##### DATA SUPPLIED #####

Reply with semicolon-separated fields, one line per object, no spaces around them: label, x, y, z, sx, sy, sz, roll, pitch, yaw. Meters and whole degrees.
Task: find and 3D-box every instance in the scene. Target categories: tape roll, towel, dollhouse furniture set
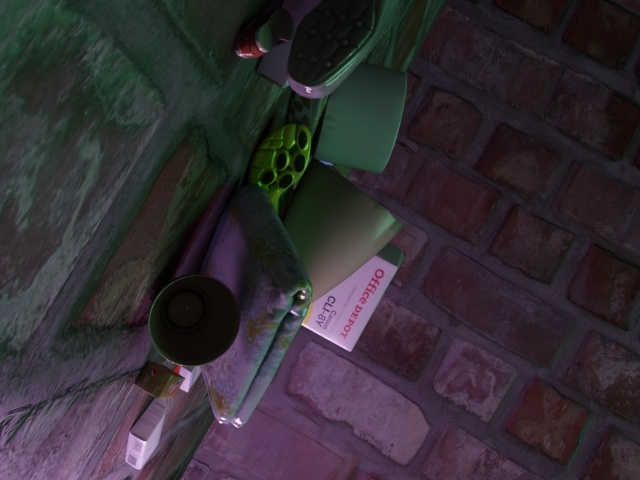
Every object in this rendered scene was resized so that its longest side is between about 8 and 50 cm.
tape roll;0.087;-0.292;1.511;0.246;0.169;0.246;-168;-90;-85
towel;-0.148;0.124;1.252;0.375;0.090;0.321;-64;-143;27
dollhouse furniture set;-0.014;-0.200;2.077;0.151;0.123;0.144;-33;-164;43

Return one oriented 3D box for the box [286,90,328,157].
box;-0.038;-0.256;1.432;0.067;0.063;0.324;-59;175;-31

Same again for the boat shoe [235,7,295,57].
boat shoe;-0.076;-0.293;0.917;0.043;0.049;0.137;-14;-153;29

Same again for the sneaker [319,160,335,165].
sneaker;0.029;-0.281;1.933;0.063;0.073;0.162;-60;165;-22

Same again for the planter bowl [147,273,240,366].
planter bowl;-0.236;0.134;1.169;0.162;0.162;0.109;-61;-158;-6

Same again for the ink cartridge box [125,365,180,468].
ink cartridge box;-0.414;0.453;1.674;0.232;0.066;0.189;-52;170;-42

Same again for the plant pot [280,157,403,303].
plant pot;0.000;0.000;1.446;0.274;0.256;0.256;-52;176;1

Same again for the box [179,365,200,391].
box;-0.336;0.320;1.829;0.186;0.038;0.145;-57;174;-37

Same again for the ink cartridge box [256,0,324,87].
ink cartridge box;0.020;-0.427;1.010;0.371;0.069;0.176;-61;176;28

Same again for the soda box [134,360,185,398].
soda box;-0.351;0.310;1.425;0.058;0.061;0.181;-59;175;-13

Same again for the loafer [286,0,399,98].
loafer;0.049;-0.318;0.958;0.320;0.112;0.111;-57;165;-26

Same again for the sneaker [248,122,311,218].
sneaker;-0.102;-0.134;1.365;0.124;0.109;0.296;-83;-164;-50

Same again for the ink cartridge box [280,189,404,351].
ink cartridge box;-0.010;0.071;1.718;0.279;0.384;0.160;-63;175;18
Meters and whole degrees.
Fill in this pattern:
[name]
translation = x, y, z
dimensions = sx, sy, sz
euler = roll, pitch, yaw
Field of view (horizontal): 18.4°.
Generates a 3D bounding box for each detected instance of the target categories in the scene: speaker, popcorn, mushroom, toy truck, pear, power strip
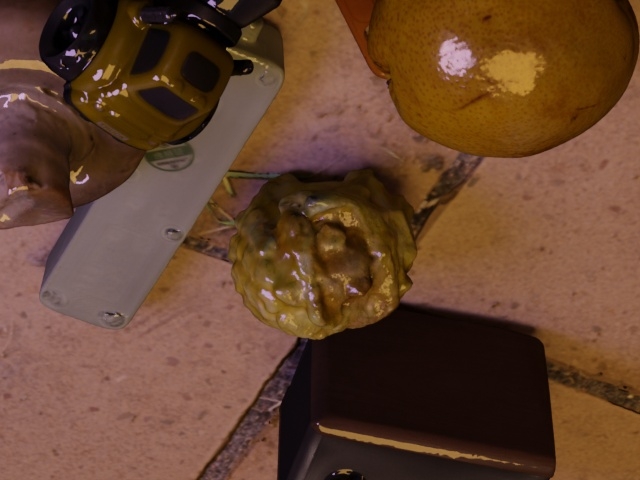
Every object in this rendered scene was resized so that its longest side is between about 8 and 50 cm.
[speaker]
translation = 0.086, 0.178, 1.880
dimensions = 0.231, 0.192, 0.153
euler = 12, 134, -10
[popcorn]
translation = 0.005, 0.008, 1.746
dimensions = 0.173, 0.173, 0.142
euler = -24, 113, 22
[mushroom]
translation = -0.234, -0.091, 1.591
dimensions = 0.204, 0.204, 0.204
euler = 0, 134, 0
[toy truck]
translation = -0.094, -0.180, 1.492
dimensions = 0.147, 0.224, 0.165
euler = 35, 162, -36
[pear]
translation = 0.138, -0.163, 1.545
dimensions = 0.209, 0.209, 0.209
euler = 0, 134, 0
[power strip]
translation = -0.138, -0.064, 1.733
dimensions = 0.091, 0.062, 0.385
euler = 20, 132, -18

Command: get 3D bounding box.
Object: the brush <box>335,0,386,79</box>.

#####

### PROBLEM TO SOLVE
Go to the line containing "dimensions = sx, sy, sz", then write out word for word every line from there to the end of the listing. Keep both end lines and drop the pictures.

### RESULT
dimensions = sx, sy, sz
euler = roll, pitch, yaw
Field of view (horizontal): 18.4°.
Generates a 3D bounding box for each detected instance of the target categories in the scene: speaker, popcorn, mushroom, toy truck, pear, power strip
Every object in this rendered scene was resized so that its longest side is between about 8 and 50 cm.
[speaker]
translation = 0.086, 0.178, 1.880
dimensions = 0.231, 0.192, 0.153
euler = 12, 134, -10
[popcorn]
translation = 0.005, 0.008, 1.746
dimensions = 0.173, 0.173, 0.142
euler = -24, 113, 22
[mushroom]
translation = -0.234, -0.091, 1.591
dimensions = 0.204, 0.204, 0.204
euler = 0, 134, 0
[toy truck]
translation = -0.094, -0.180, 1.492
dimensions = 0.147, 0.224, 0.165
euler = 35, 162, -36
[pear]
translation = 0.138, -0.163, 1.545
dimensions = 0.209, 0.209, 0.209
euler = 0, 134, 0
[power strip]
translation = -0.138, -0.064, 1.733
dimensions = 0.091, 0.062, 0.385
euler = 20, 132, -18

Command: get 3D bounding box.
Object: the brush <box>335,0,386,79</box>.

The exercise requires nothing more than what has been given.